• _Problem to work on_:
Every line of the records below from the line with "- pie <box>345,445,518,479</box>" up to and including the line with "- toy animal <box>596,330,639,450</box>" must be reproduced exactly, and no line outside that range.

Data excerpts
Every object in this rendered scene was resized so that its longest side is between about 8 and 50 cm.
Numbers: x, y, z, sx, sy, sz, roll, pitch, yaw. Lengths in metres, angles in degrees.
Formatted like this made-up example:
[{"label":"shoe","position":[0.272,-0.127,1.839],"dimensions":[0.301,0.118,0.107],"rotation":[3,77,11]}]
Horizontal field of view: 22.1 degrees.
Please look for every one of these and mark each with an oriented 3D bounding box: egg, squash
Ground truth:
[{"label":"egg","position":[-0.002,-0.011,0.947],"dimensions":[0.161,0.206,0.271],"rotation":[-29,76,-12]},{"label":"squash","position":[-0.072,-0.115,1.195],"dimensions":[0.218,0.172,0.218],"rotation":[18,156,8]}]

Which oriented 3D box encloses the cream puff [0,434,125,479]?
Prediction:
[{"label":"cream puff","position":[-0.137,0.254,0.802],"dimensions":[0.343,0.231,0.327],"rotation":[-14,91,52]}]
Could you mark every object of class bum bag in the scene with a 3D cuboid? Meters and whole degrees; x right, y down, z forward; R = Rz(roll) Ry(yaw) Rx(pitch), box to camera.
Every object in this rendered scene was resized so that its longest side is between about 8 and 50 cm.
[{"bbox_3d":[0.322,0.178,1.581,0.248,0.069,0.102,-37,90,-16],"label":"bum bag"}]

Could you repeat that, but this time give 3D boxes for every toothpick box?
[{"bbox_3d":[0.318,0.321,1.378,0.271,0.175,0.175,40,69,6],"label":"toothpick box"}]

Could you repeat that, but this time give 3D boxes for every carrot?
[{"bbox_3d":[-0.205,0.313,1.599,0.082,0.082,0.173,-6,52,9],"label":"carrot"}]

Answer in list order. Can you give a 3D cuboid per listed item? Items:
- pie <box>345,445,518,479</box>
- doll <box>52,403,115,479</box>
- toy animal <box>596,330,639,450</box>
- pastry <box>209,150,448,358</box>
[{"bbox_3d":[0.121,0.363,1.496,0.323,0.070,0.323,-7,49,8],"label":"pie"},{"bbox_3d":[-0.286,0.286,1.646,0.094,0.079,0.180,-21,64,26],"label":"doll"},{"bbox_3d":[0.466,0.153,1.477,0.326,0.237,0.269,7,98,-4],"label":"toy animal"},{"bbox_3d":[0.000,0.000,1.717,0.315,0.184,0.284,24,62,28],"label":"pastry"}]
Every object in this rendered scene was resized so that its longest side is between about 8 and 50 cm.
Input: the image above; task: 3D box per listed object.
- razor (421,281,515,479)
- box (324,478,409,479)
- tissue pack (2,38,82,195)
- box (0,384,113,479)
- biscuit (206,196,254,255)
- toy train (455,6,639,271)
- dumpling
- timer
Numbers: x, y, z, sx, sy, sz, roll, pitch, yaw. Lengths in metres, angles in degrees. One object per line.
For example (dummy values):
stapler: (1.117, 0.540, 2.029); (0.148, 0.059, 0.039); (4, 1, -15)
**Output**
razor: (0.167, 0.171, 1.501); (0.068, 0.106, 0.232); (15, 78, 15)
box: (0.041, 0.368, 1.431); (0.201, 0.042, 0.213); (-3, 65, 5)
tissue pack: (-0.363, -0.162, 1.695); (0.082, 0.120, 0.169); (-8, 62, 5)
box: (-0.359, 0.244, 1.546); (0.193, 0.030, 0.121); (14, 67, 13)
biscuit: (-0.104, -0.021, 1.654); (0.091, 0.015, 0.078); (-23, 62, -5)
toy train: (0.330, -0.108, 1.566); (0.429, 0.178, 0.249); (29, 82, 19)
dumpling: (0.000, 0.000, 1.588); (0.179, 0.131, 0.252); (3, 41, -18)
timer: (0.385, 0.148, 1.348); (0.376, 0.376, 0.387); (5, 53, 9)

• _Answer to this problem_:
- pie <box>345,445,518,479</box>
- doll <box>52,403,115,479</box>
- toy animal <box>596,330,639,450</box>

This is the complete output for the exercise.